# I tried meateater's steak rollers



## stjoeguy1122 (Mar 24, 2012)

While browsing over all the posting I came across MeatEater’s steak rollers. I had a couple of beef round steaks in the freezer so I thought what the heck. The treat is while I was digging my light bulb went on and I pulled some Venison round steaks also. I used some Yoshida and added some Pepper Jack and Provolone with the Swiss cheese, and some green onions and mushrooms. I sprinkled some Monterey Steak seasoning on them before I pounded them flat.  Rubbed the outside with some more Yoshida and lightly applied some Monterey Steak seasonings

I have read many posting about how to prep Venison, I didn’t soak mine in anything, because in this case the meat was a rifle kill and she didn’t even twitch when she hit the ground and I do all my own processing so I know that the adrenaline wouldn’t be a problem for this batch of meat. But if I was going to use bow kill meat I would have soaked the meat in a mild brine solution for about an hour or so.

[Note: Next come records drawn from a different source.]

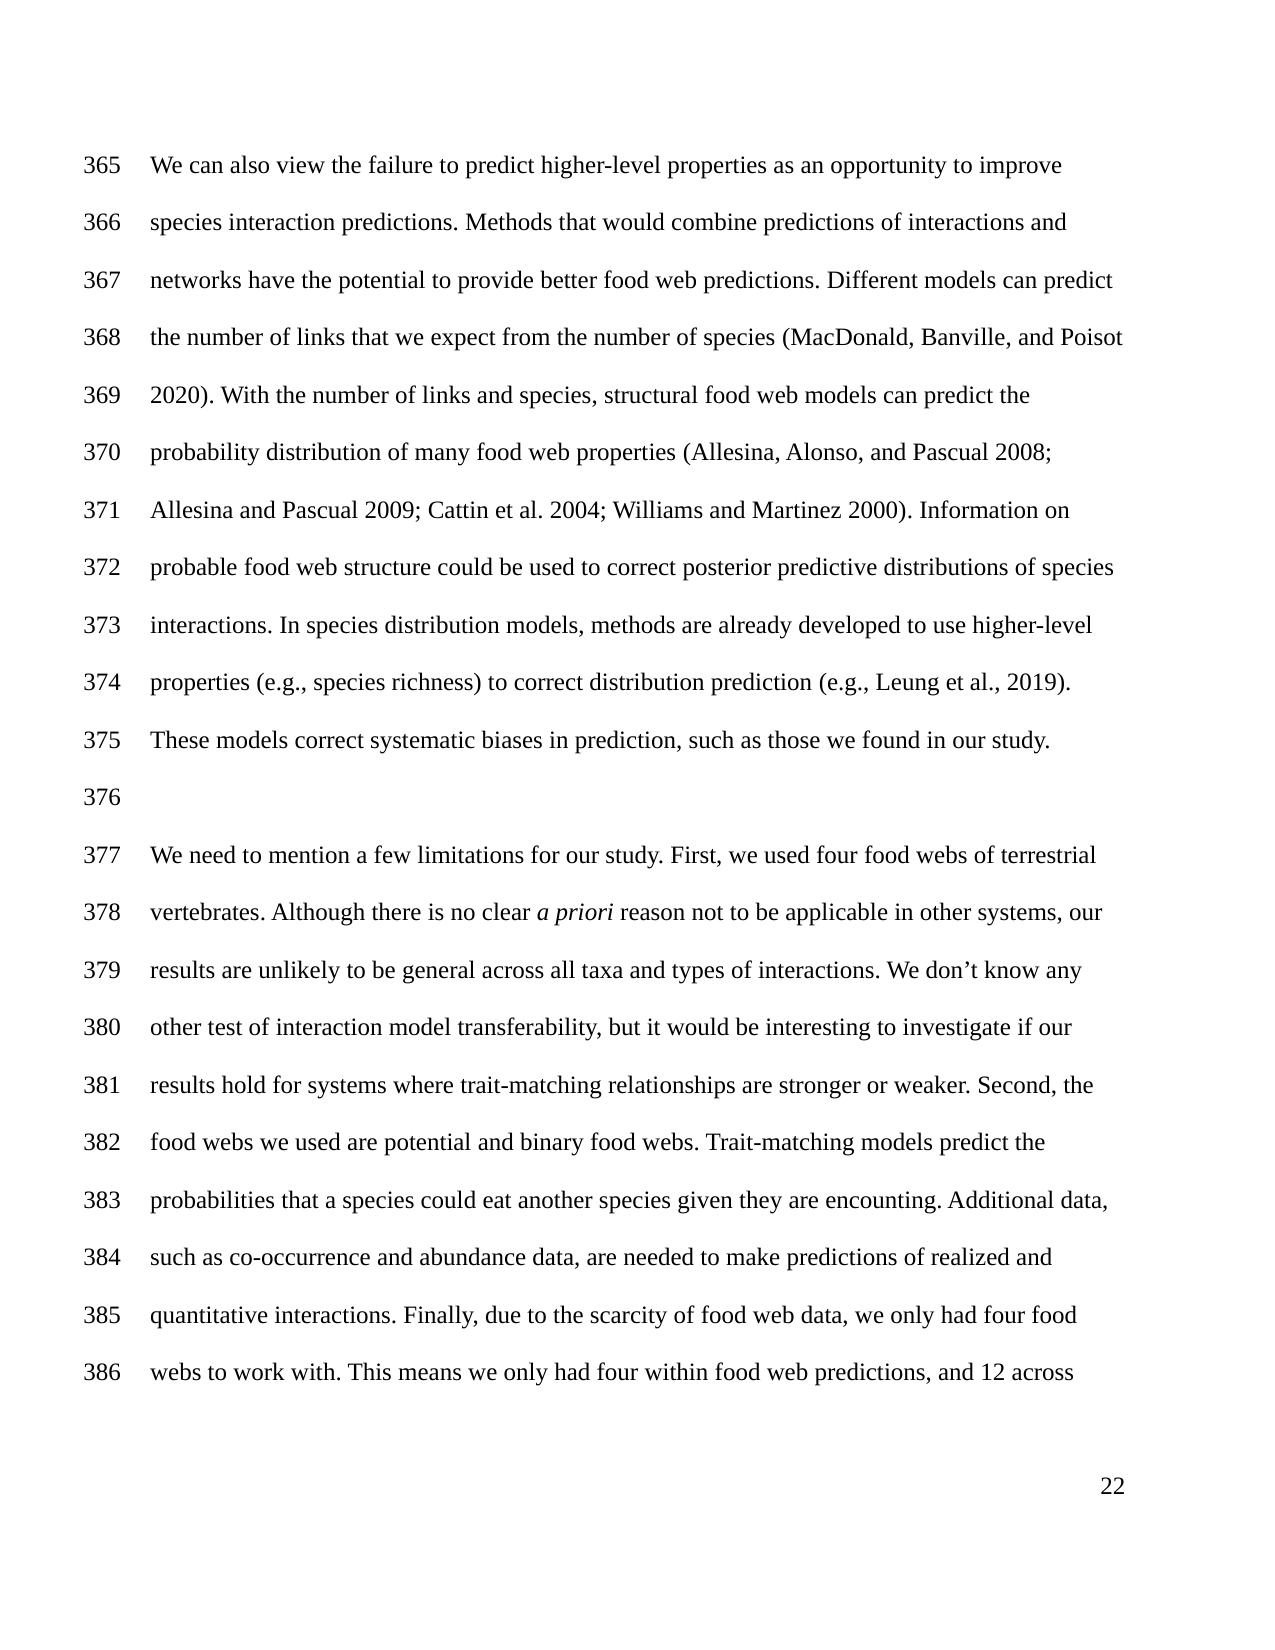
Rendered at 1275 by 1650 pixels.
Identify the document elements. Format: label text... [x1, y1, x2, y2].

text We can also view the failure to predict higher-level properties as an opportunity to improve species interaction predictions. Methods that would combine predictions of interactions and networks have the potential to provide better food web predictions. Different models can predict the number of links that we expect from the number of species (MacDonald, Banville, and Poisot 2020). With the number of links and species, structural food web models can predict the probability distribution of many food web properties (Allesina, Alonso, and Pascual 2008; Allesina and Pascual 2009; Cattin et al. 2004; Williams and Martinez 2000). Information on probable food web structure could be used to correct posterior predictive distributions of species interactions. In species distribution models, methods are already developed to use higher-level properties (e.g., species richness) to correct distribution prediction (e.g., Leung et al., 2019). These models correct systematic biases in prediction, such as those we found in our study. [150, 150, 1125, 754]
text We need to mention a few limitations for our study. First, we used four food webs of terrestrial vertebrates. Although there is no clear a priori reason not to be applicable in other systems, our results are unlikely to be general across all taxa and types of interactions. We don’t know any other test of interaction model transferability, but it would be interesting to investigate if our results hold for systems where trait-matching relationships are stronger or weaker. Second, the food webs we used are potential and binary food webs. Trait-matching models predict the probabilities that a species could eat another species given they are encounting. Additional data, such as co-occurrence and abundance data, are needed to make predictions of realized and quantitative interactions. Finally, due to the scarcity of food web data, we only had four food webs to work with. This means we only had four within food web predictions, and 12 across [150, 840, 1125, 1386]
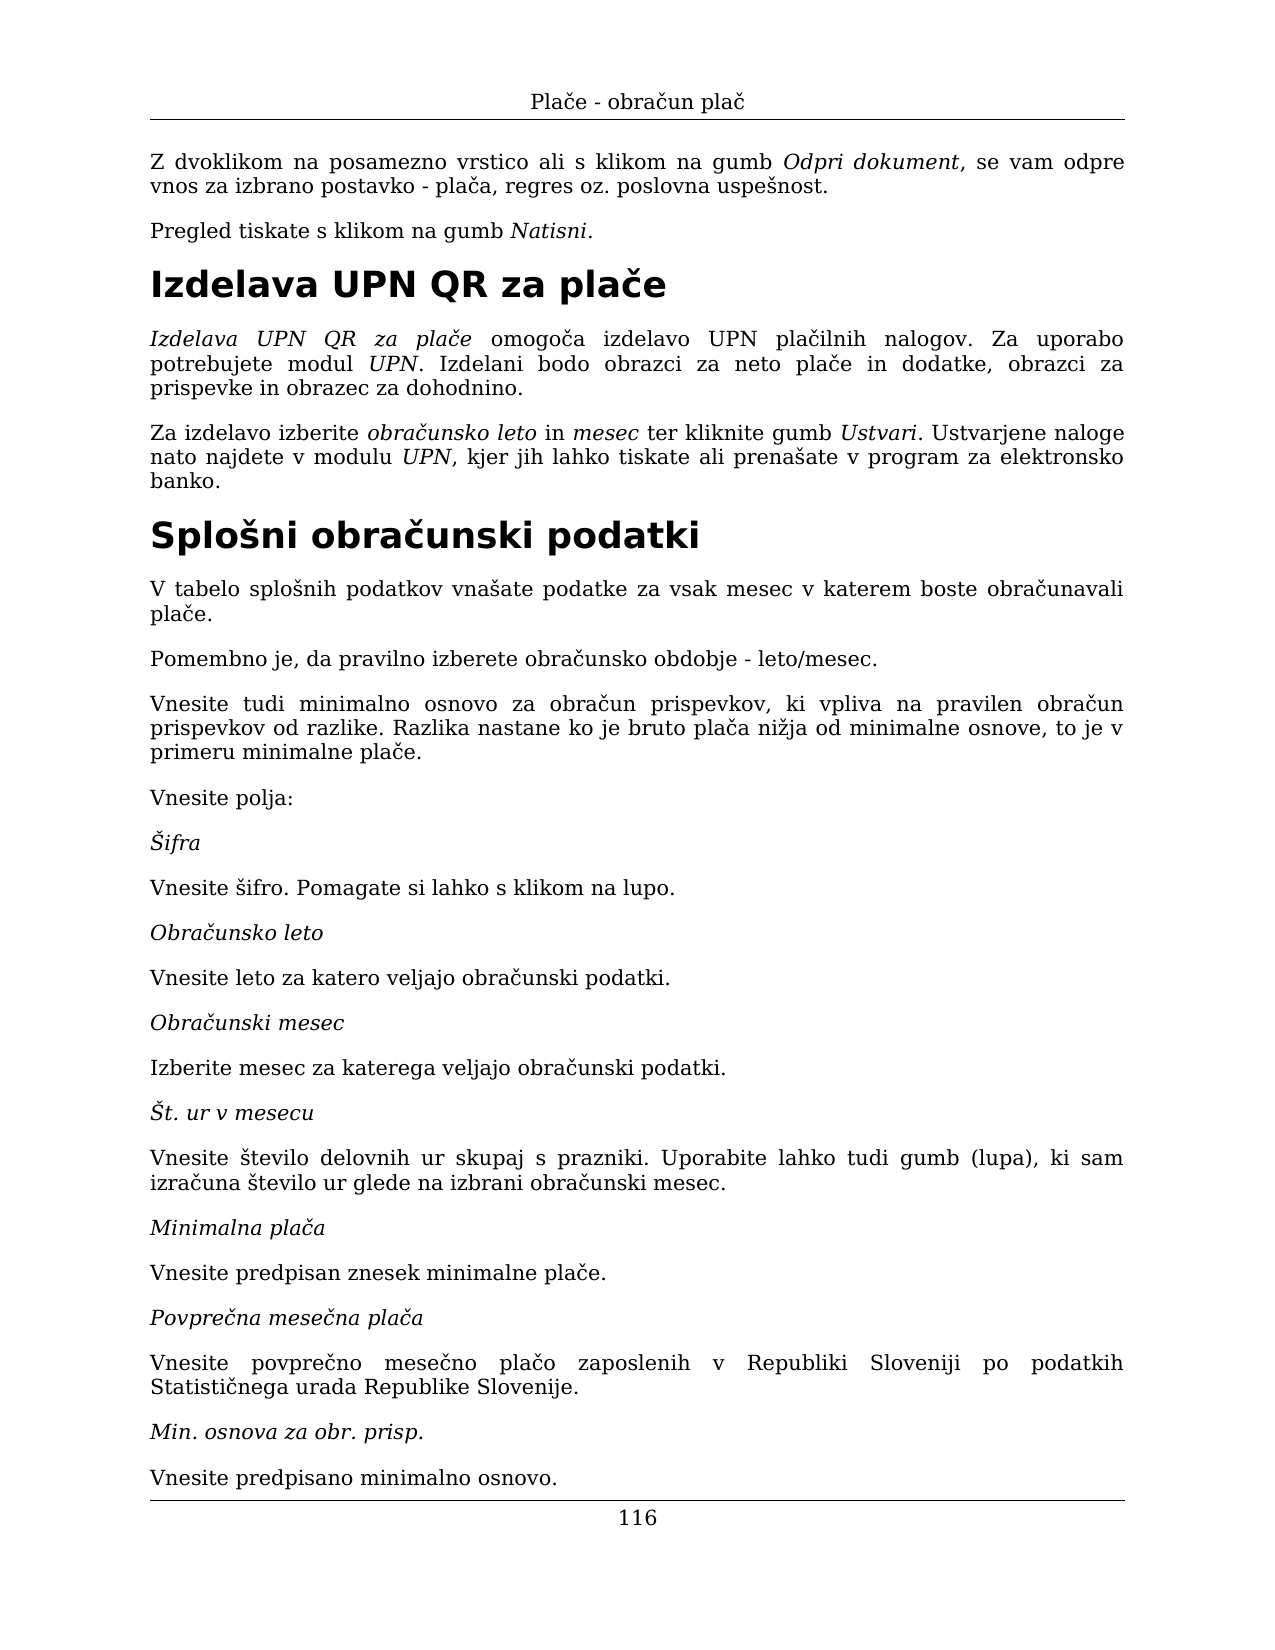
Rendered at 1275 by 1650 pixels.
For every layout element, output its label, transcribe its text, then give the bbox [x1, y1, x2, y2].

text Pregled tiskate s klikom na gumb Natisni. [150, 219, 1125, 244]
text Izdelava UPN QR za plače omogoča izdelavo UPN plačilnih nalogov. Za uporabo potrebujete modul UPN. Izdelani bodo obrazci za neto plače in dodatke, obrazci za prispevke in obrazec za dohodnino. [150, 327, 1125, 400]
text Vnesite polja: [150, 786, 1125, 810]
text Vnesite povprečno mesečno plačo zaposlenih v Republiki Sloveniji po podatkih Statističnega urada Republike Slovenije. [150, 1351, 1125, 1399]
text Povprečna mesečna plača [150, 1306, 1125, 1330]
text Št. ur v mesecu [150, 1101, 1125, 1126]
text Šifra [150, 831, 1125, 855]
text Izdelava UPN QR za plače [150, 264, 1125, 306]
text Splošni obračunski podatki [150, 514, 1125, 557]
text Obračunski mesec [150, 1011, 1125, 1035]
text Minimalna plača [150, 1216, 1125, 1240]
text Za izdelavo izberite obračunsko leto in mesec ter kliknite gumb Ustvari. Ustvarjene naloge nato najdete v modulu UPN, kjer jih lahko tiskate ali prenašate v program za elektronsko banko. [150, 421, 1125, 494]
text Obračunsko leto [150, 921, 1125, 945]
text Vnesite tudi minimalno osnovo za obračun prispevkov, ki vpliva na pravilen obračun prispevkov od razlike. Razlika nastane ko je bruto plača nižja od minimalne osnove, to je v primeru minimalne plače. [150, 692, 1125, 765]
text V tabelo splošnih podatkov vnašate podatke za vsak mesec v katerem boste obračunavali plače. [150, 577, 1125, 626]
text Izberite mesec za katerega veljajo obračunski podatki. [150, 1056, 1125, 1080]
text Vnesite predpisan znesek minimalne plače. [150, 1261, 1125, 1285]
text Min. osnova za obr. prisp. [150, 1420, 1125, 1445]
text Vnesite leto za katero veljajo obračunski podatki. [150, 966, 1125, 990]
text Vnesite predpisano minimalno osnovo. [150, 1466, 1125, 1490]
text Z dvoklikom na posamezno vrstico ali s klikom na gumb Odpri dokument, se vam odpre vnos za izbrano postavko - plača, regres oz. poslovna uspešnost. [150, 150, 1125, 198]
text Vnesite šifro. Pomagate si lahko s klikom na lupo. [150, 876, 1125, 900]
text Vnesite število delovnih ur skupaj s prazniki. Uporabite lahko tudi gumb (lupa), ki sam izračuna število ur glede na izbrani obračunski mesec. [150, 1146, 1125, 1195]
text Pomembno je, da pravilno izberete obračunsko obdobje - leto/mesec. [150, 647, 1125, 671]
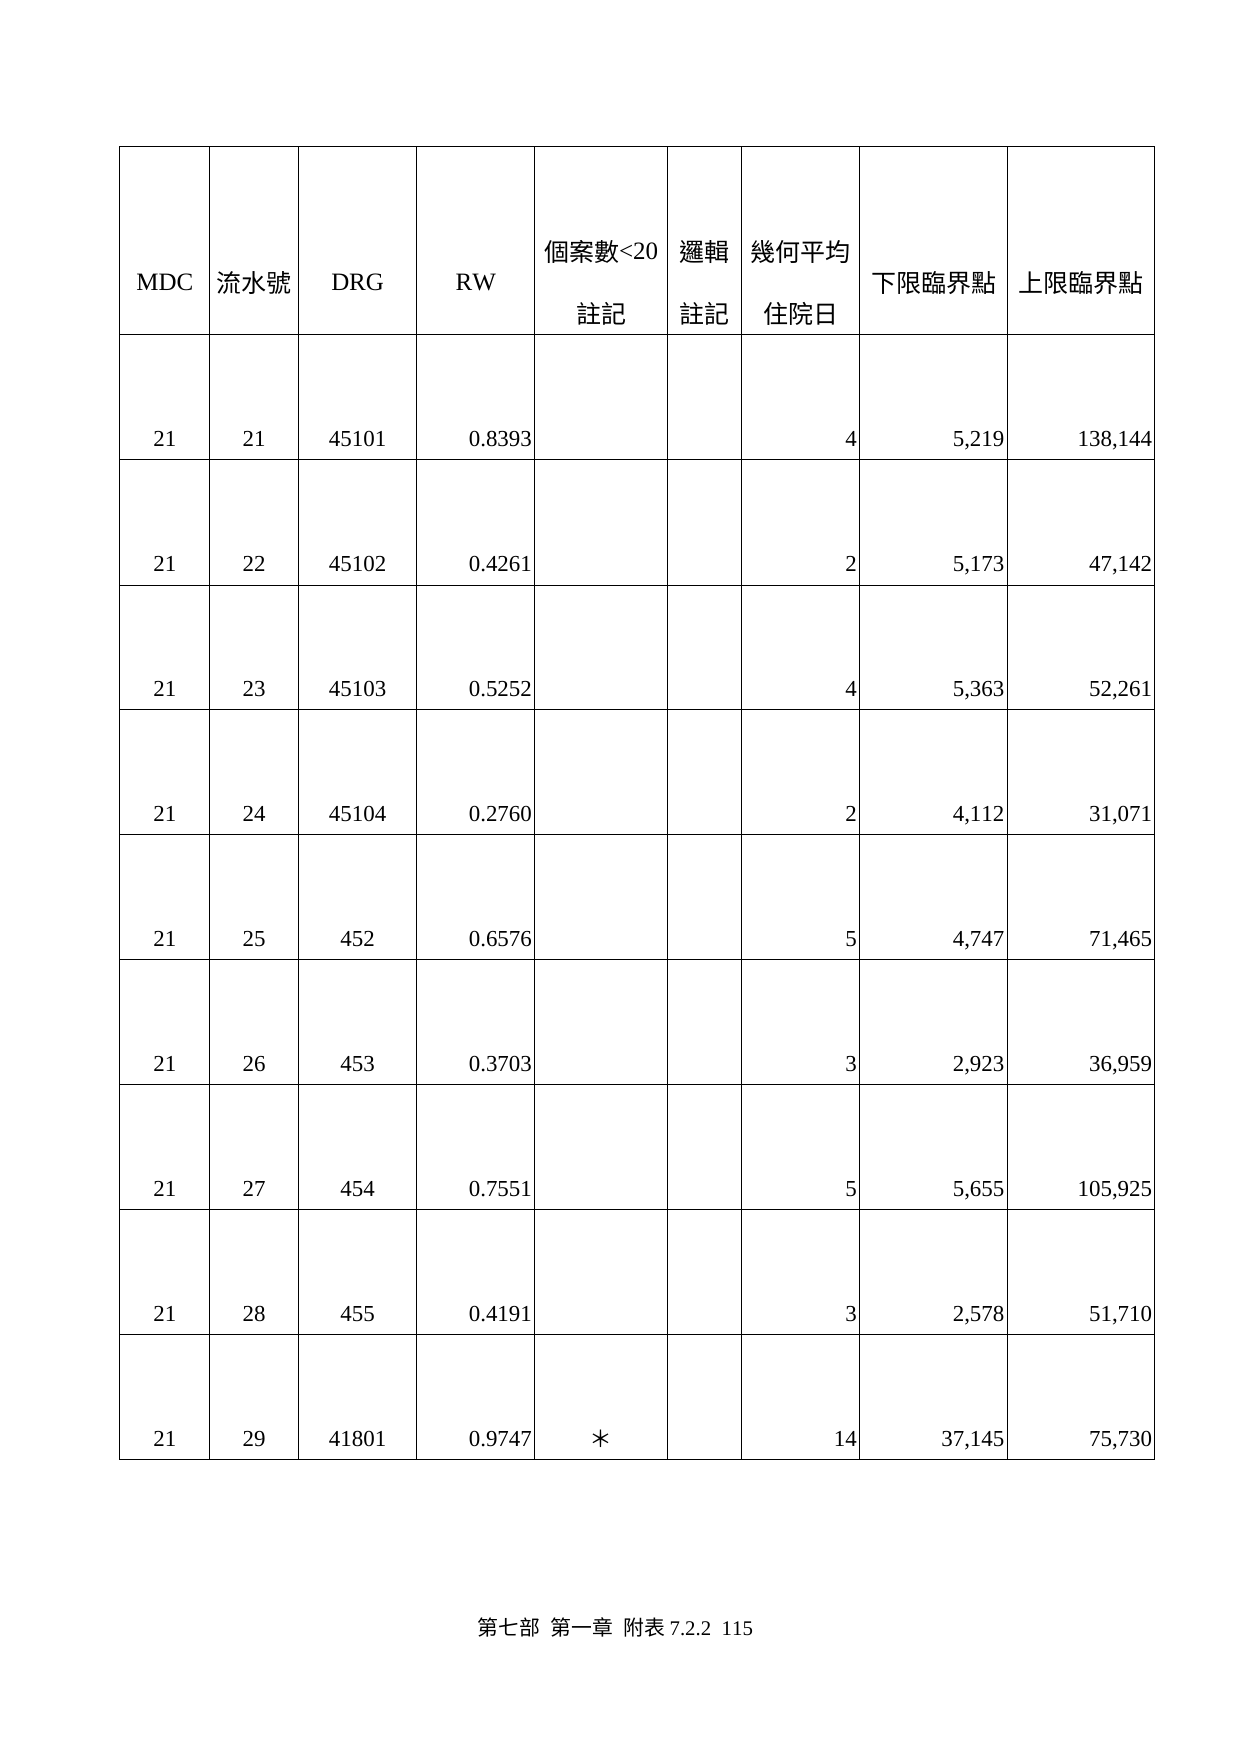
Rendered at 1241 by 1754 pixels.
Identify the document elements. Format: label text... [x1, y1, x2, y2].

table_cell 21 [120, 1335, 209, 1459]
table_cell 0.6576 [417, 835, 534, 959]
table_cell [535, 960, 667, 1084]
table_cell [668, 586, 741, 709]
table_cell 5,363 [860, 586, 1007, 709]
table_cell 45103 [299, 586, 416, 709]
table_cell 4,747 [860, 835, 1007, 959]
table_cell 45102 [299, 460, 416, 584]
table_cell 21 [120, 335, 209, 459]
table_cell 45101 [299, 335, 416, 459]
table_cell [535, 710, 667, 834]
table_cell [668, 1210, 741, 1334]
table_cell 5,173 [860, 460, 1007, 584]
table_cell 75,730 [1008, 1335, 1154, 1459]
table_cell 21 [120, 1210, 209, 1334]
table_header 下限臨界點 [860, 147, 1007, 334]
table_cell [668, 960, 741, 1084]
table_header 個案數<20註記 [535, 147, 667, 334]
table_cell 45104 [299, 710, 416, 834]
table_cell [535, 1085, 667, 1209]
table_cell 455 [299, 1210, 416, 1334]
table_cell 452 [299, 835, 416, 959]
table_cell 27 [210, 1085, 298, 1209]
table_cell 25 [210, 835, 298, 959]
table_cell 28 [210, 1210, 298, 1334]
table_cell [668, 710, 741, 834]
table_header 幾何平均住院日 [742, 147, 859, 334]
table_cell 2 [742, 710, 859, 834]
table_cell 21 [120, 460, 209, 584]
table_cell 37,145 [860, 1335, 1007, 1459]
table_cell [668, 835, 741, 959]
table_cell 29 [210, 1335, 298, 1459]
table_cell ＊ [535, 1335, 667, 1459]
table_cell 453 [299, 960, 416, 1084]
table_cell 0.4261 [417, 460, 534, 584]
table_cell [535, 586, 667, 709]
table_cell 2,578 [860, 1210, 1007, 1334]
table_cell 454 [299, 1085, 416, 1209]
table_cell 3 [742, 1210, 859, 1334]
table_header RW [417, 147, 534, 334]
table_cell 5,219 [860, 335, 1007, 459]
table_cell [535, 835, 667, 959]
table_cell 24 [210, 710, 298, 834]
table_cell 2 [742, 460, 859, 584]
table_cell 71,465 [1008, 835, 1154, 959]
table_cell 4 [742, 586, 859, 709]
table_cell 14 [742, 1335, 859, 1459]
table_header 邏輯註記 [668, 147, 741, 334]
table_cell [668, 335, 741, 459]
table_cell 21 [120, 710, 209, 834]
table_header 上限臨界點 [1008, 147, 1154, 334]
table_cell 3 [742, 960, 859, 1084]
table_cell 0.2760 [417, 710, 534, 834]
table_cell 0.7551 [417, 1085, 534, 1209]
table_cell 0.9747 [417, 1335, 534, 1459]
table_cell 2,923 [860, 960, 1007, 1084]
table_cell 31,071 [1008, 710, 1154, 834]
table_cell 5,655 [860, 1085, 1007, 1209]
table_cell 4 [742, 335, 859, 459]
table_cell 26 [210, 960, 298, 1084]
table_cell [535, 335, 667, 459]
table_cell 21 [210, 335, 298, 459]
table_header MDC [120, 147, 209, 334]
table_cell 21 [120, 586, 209, 709]
table_cell 0.8393 [417, 335, 534, 459]
table_header 流水號 [210, 147, 298, 334]
table_cell [668, 460, 741, 584]
table_cell 51,710 [1008, 1210, 1154, 1334]
table_cell [668, 1335, 741, 1459]
table_cell 21 [120, 835, 209, 959]
table_cell 21 [120, 1085, 209, 1209]
table_cell 0.3703 [417, 960, 534, 1084]
table_cell 47,142 [1008, 460, 1154, 584]
table_cell 52,261 [1008, 586, 1154, 709]
table_header DRG [299, 147, 416, 334]
table_cell 21 [120, 960, 209, 1084]
table_cell 5 [742, 835, 859, 959]
table_cell 23 [210, 586, 298, 709]
table_cell [668, 1085, 741, 1209]
table_cell 105,925 [1008, 1085, 1154, 1209]
table_cell 138,144 [1008, 335, 1154, 459]
table_cell 4,112 [860, 710, 1007, 834]
table_cell 41801 [299, 1335, 416, 1459]
table_cell 0.4191 [417, 1210, 534, 1334]
table_cell 5 [742, 1085, 859, 1209]
table_cell 22 [210, 460, 298, 584]
table_cell 0.5252 [417, 586, 534, 709]
table_cell [535, 1210, 667, 1334]
table_cell 36,959 [1008, 960, 1154, 1084]
table_cell [535, 460, 667, 584]

Smoked in my MES 30, temp set at 225 and used Mesquite chips, cooked the beef to IT of 160, Venison to IT of 170. I lightly sprayed with a Yoshida once during the cook.

I will post in the beef forum also, hope I don’t get yelled at for double posting . .


























yes they are as good as they look! thaks Meateater for sharing


----------



## slownlow (Mar 30, 2012)

Wow nice Job!!  They look great.


----------



## smokinhusker (Mar 30, 2012)

Very nice! Looks delicious and added to the to do list!


----------